В Японии Запад представляли, в зависимости от сферы, американцы, немцы или французы. В 1953 году американское влияние в общем преобладало, но, может быть, французскую литературу знали лучше, чем какую-либо иную. Иногда в университете я беседовал по-немецки с философом, получившим образование в феноменологическом или хайдеггеровском духе. Напротив, в Индии Запад смешивается с Англией или с Соединенными Штатами. Я не мог удержаться от восхищения тем, насколько японская культура сохранилась в своих глубинных основах, в семье, в манерах поведения, в верованиях, при том что эта преемственность столь незначительно замедлила освоение современной техники или экономики, необходимых для честолюбия Японии, излечившейся от военных мечтаний. Поскольку Империя восходящего солнца отказалась быть одной из первых по своей мощи, она должна была подняться на самые большие высоты в мирных искусствах.
Разговоры с японскими интеллектуалами не вызывали у меня ощущения потерянности. В то же время их реакция на факт американского преобладания пробуждала чувство уже-виденного или уже-слышанного. Непринужденный стиль межличностных отношений американцев контрастирует с почти ритуальным характером таких отношений в вечной Японии. Конечно, маленькие японцы то здесь, то там вели себя как маленькие американцы и упражнялись в бейсболе. Во время последующих поездок у меня возникло впечатление, что традиция начинала побеждать внешнее влияние, и я задавался вопросом о смысле студенческих волнений, которые в 60-е годы приобрели крайне ожесточенный характер.
В Индии, по крайней мере в ту эпоху, в глаза путешественника сразу же по его прибытии бросались толпы, нищие толпы. Я сошел с корабля в Калькутте, приплыв из Гонконга, и в течение первых дней спрашивал себя, как привилегированные люди свыкаются с несчастьем других, со спящими ночью на тротуарах, с убогими кварталами, где обитают сотни тысяч мужчин, женщин, детей, лишенных всего. К своему стыду, я осознал, что через несколько дней и сам перестал видеть нестерпимое. Случайно я открыл правило, которым руководствуются нищие и о котором не ведал. Выходя из храма, я дал ребенку несколько монеток. Через несколько мгновений меня окружила кричащая стая молодых индийцев, требовавших своей доли. Пока я ничего никому не давал, никто не протестовал; как только я дал что-то одному, все другие посчитали себя вправе требовать того же. Мои спутники, объяснившие мне смысл случившегося, были выпускниками Лондонской школы экономики, они излагали мне фабианские идеи, близкие к социалистическим, которые не соответствовали индийским условиям и их собственному поведению, скорее вынужденному, чем избранному свободно.

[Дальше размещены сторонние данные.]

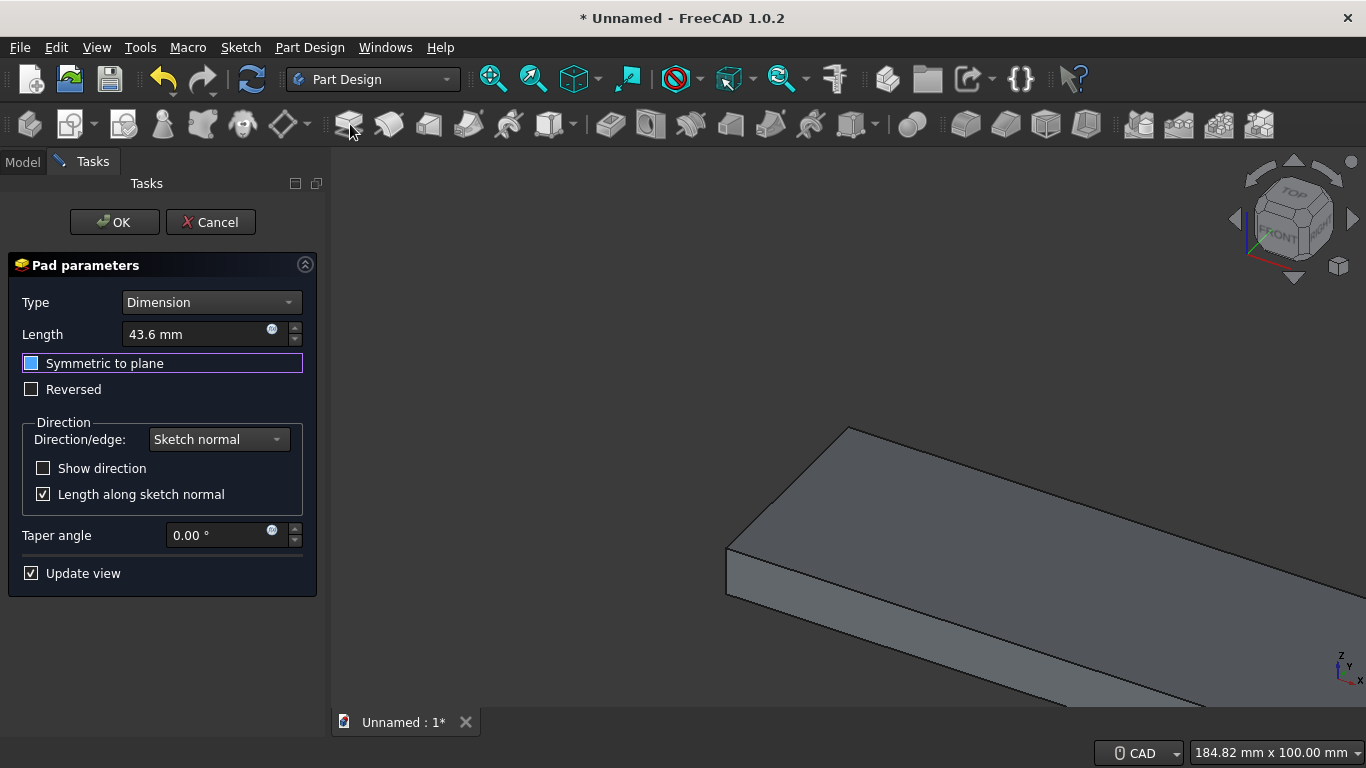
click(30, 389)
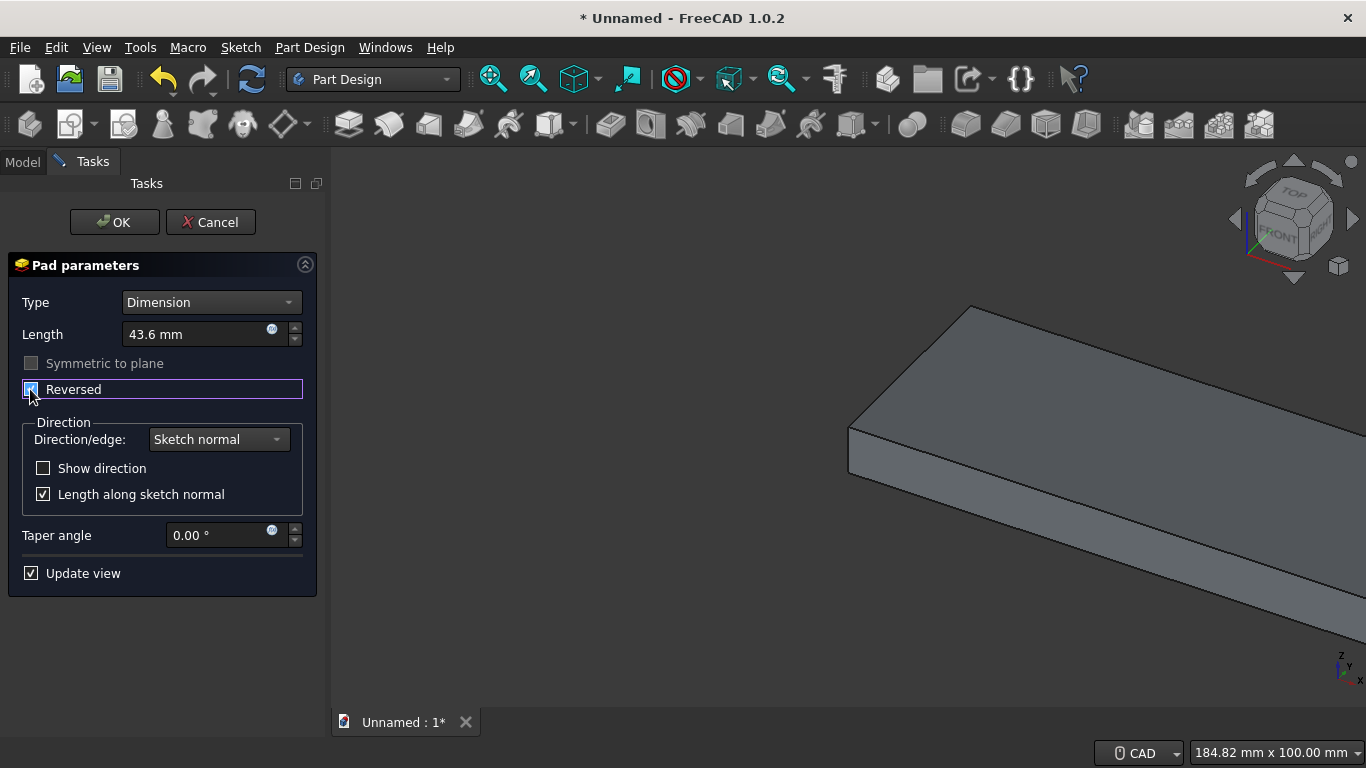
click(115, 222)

Мои поездки в Японию, вероятно, не дали мне ничего или почти ничего сверх того, что я мог бы узнать из книг. Разговоры, пейзажи, монументы, толпы, все воспоминания, которые мы храним, обогатившие нас опыты создают иллюзию близости. То, что мы знали раньше, теперь узнается по-другому. У нас пропадает желание повторить вопрос Монтескьё: «Как можно быть персиянином?» Чего не отдал бы латинист, чтобы оказаться, хотя бы на один день, в имперском Риме в начале нашего тысячелетия?